Y_p={ f_p+1',f_p+2',…,f_m-L+p'}

Next, X is inputted hidden layer, since hidden layer includes the L isomorphism LSTM cells by the connection of front and back moment, process is hidden Output after hiding layer can indicate are as follows:

P={ P₁,P₂,…,P_L}

P_p=LSTM_forward(X_p,C_p-1,H_p-1)

Wherein, C_p-1And H_p-1The state and output of respectively previous LSTM cell, LSTM_forwardTo meter before expression LSTM cell Calculation method sets cell state vector magnitude as S_state, then C_p-1And H_p-12 vector magnitudes are S_state, hidden layer P, model Input X and theoretical output Y is the two-dimensional array that dimension is (m-L, L), selects mean square error as error calculation formula, training The loss function of process can be with is defined as:

The minimum optimization aim of loss function is set, the train epochs steps of netinit is given, changes using RMSProp Learning rate, Nesterov introduce momentum and change gradient, change update mode in terms of two, and then obtain final hidden layer net Network；

Finally, optimizing loss function using stochastic gradient descent, stochastic gradient descent is small quantities of according to data generation distribution extraction m (independent identically distributed) sample is measured, iteration only calculates the loss of a sample each time, then traverses all samples again, completes one The calculating of wheel.By calculating their gradient mean value, the unbiased esti-mator of available gradient is expressed as follows

Wherein g is gradient, and θ is the initial parameter of LSTM model forward calculation,It is gradient element, indicatesLocal derviation is asked to θ, using the sample from small lot m, stochastic gradient descent algorithm is declined using following gradient Estimation

θ←θ-ηg

Wherein η is learning rate, and L is the loss of each sample

L (x, y, θ)=- logp (y | x；θ)

Wherein, logarithm is sought in log expression.

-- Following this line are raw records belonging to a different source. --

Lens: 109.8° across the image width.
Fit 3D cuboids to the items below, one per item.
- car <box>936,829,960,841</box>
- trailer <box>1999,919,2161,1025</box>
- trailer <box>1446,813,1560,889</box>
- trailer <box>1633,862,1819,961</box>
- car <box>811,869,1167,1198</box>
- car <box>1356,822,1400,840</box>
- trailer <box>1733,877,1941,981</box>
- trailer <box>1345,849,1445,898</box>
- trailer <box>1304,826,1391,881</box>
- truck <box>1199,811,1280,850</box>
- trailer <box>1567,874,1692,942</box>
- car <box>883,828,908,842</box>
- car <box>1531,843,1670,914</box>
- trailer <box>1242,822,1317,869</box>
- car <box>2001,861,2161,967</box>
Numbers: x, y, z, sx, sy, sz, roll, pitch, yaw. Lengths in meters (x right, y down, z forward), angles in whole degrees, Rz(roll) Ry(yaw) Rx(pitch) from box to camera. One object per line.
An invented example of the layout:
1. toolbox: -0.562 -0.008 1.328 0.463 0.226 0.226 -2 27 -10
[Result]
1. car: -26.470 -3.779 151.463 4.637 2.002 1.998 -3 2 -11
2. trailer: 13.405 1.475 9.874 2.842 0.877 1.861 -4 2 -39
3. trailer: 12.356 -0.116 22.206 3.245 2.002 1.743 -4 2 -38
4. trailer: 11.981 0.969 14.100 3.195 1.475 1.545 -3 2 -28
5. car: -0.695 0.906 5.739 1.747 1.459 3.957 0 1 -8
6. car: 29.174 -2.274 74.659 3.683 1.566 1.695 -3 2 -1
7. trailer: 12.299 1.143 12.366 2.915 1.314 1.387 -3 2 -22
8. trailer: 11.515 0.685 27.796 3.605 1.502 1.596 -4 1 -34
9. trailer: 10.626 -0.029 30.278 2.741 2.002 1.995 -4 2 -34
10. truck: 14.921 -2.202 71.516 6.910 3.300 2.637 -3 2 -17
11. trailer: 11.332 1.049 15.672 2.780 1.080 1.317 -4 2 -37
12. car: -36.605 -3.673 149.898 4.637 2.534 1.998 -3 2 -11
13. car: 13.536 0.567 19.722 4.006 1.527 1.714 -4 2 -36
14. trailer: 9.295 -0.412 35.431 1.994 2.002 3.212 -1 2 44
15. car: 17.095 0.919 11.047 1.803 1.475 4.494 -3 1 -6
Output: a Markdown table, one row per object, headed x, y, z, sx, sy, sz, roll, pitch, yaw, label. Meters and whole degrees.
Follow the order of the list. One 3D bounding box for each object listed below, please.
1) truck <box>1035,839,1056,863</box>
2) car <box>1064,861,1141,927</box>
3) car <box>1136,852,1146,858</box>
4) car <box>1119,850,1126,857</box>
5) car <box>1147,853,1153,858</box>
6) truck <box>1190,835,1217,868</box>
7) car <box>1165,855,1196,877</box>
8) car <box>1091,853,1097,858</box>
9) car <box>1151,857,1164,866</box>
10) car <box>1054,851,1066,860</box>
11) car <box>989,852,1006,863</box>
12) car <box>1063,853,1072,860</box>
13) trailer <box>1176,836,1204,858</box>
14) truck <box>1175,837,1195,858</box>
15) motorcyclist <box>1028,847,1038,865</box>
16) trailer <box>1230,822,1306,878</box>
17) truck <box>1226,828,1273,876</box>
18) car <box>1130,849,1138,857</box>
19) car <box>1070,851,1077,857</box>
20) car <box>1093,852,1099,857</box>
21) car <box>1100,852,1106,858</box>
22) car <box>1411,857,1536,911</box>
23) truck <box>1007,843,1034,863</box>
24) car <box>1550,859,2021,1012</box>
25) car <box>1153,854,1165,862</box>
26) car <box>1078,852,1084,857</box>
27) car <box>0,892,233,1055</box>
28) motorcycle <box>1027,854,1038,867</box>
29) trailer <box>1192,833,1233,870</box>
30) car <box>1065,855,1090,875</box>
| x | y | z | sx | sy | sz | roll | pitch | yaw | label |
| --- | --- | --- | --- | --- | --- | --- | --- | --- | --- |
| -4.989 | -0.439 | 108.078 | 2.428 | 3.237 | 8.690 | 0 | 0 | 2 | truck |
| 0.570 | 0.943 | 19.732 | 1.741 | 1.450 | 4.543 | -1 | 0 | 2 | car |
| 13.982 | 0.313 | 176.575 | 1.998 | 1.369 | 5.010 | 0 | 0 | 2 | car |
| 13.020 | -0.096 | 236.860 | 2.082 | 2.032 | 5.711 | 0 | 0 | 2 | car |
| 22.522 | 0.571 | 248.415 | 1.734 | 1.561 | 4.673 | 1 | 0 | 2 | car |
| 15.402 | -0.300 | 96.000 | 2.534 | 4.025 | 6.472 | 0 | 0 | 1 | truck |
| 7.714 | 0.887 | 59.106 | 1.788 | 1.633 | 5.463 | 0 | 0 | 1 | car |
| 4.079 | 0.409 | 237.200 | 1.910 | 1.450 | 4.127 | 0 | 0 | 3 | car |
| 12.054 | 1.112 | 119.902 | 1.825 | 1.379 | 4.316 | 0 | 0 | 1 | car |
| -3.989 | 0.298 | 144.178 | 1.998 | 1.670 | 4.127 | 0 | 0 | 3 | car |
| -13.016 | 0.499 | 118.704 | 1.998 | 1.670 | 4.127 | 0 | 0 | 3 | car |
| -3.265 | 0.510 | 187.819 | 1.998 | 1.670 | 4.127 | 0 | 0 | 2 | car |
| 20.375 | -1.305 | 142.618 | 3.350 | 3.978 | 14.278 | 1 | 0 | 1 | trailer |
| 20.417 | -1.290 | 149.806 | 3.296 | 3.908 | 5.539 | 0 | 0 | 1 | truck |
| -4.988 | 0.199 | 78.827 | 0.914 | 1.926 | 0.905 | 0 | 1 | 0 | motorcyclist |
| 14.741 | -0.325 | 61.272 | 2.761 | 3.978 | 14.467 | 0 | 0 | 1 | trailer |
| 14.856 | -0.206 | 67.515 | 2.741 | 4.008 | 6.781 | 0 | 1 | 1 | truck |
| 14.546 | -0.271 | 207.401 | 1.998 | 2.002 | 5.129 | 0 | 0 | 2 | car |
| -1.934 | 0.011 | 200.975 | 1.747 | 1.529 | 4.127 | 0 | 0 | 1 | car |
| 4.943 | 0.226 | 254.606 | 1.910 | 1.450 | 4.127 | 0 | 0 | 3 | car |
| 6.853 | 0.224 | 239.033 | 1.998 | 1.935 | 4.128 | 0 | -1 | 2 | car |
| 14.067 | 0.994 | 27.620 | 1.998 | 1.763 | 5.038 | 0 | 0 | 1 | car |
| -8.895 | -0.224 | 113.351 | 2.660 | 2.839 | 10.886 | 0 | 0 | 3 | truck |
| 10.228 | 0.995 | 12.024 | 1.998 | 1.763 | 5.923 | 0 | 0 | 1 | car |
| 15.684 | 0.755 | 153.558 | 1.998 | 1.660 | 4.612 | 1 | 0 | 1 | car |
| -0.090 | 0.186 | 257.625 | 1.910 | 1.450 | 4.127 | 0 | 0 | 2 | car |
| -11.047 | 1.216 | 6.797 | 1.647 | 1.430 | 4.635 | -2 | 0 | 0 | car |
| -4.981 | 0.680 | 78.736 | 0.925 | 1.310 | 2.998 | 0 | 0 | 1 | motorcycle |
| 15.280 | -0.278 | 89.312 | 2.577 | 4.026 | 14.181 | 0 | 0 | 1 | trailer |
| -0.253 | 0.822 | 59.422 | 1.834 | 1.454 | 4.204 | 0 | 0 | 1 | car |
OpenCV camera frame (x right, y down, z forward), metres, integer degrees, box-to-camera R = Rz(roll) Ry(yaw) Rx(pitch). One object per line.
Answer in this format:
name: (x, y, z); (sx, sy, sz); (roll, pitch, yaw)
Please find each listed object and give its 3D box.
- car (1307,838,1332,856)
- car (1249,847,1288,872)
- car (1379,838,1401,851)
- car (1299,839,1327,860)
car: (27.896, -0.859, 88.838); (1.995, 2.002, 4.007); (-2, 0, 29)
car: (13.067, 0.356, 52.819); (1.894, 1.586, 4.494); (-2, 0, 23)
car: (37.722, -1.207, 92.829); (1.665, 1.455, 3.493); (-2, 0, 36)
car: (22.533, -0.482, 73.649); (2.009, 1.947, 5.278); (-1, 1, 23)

5. the gear method for predicting residual useful life according to claim 2 based on shot and long term memory network, it is characterised in that: Specific step is as follows for the Nesterov momentum parameter optimization:

Assuming that learning rate η, momentum parameter α, initial rate v

It is iterated process every time:

2. calculate gradient and Loss, v and θ are updated with this:

Calculate gradient:

It is interim to update:

θ←θ+v。

6. the gear method for predicting residual useful life according to claim 2 based on shot and long term memory network, it is characterised in that: Specific step is as follows for the RMSProp variable learning rate arithmetic: assuming that learning rate η, momentum parameter α, initial rate v, Rate of decay ρ initializes cumulant variable γ=0

It is iterated process every time:

Calculate gradient:

It is interim to update:

θ←θ+v。

7. the gear method for predicting residual useful life according to claim 2 based on shot and long term memory network, it is characterised in that: Modified LSTM network (is expressed as) prediction process are as follows:

Firstly, the last line data of output Y are as follows:

Y_f={ f_m-L+1',f_m-L+2',…,f_m'}

Y is inputtedOutput result can indicate are as follows:

Then the predicted value at m+1 moment is p_m+1.Then, by Y_fRear L-1 data point and p_m+1Merge into new data line:

Y_f+1={ f_m-L+2',f_m-L+3',…,p_m+1}

P_o={ p_m+1,p_m+2,…p_n}

Next, by P₀It carries out z-score instead to standardize and (be expressed as de_zscore), obtain final with test set F_te Corresponding forecasting sequence are as follows:

Wherein: m+1≤k≤n, k ∈ N.

Similarly, available with training set F using every a line of X as mode input_trCorresponding fitting sequence P_tr.Finally, logical Cross calculating F_trAnd P_trAnd F_teAnd P_teDeviation quantitatively provide fitting and the precision of prediction of model.

8. the gear method for predicting residual useful life according to claim 1 based on shot and long term memory network, it is characterised in that: It is preferred to the carry out parameter based on LSTM prediction model by the way of random search in the step 3.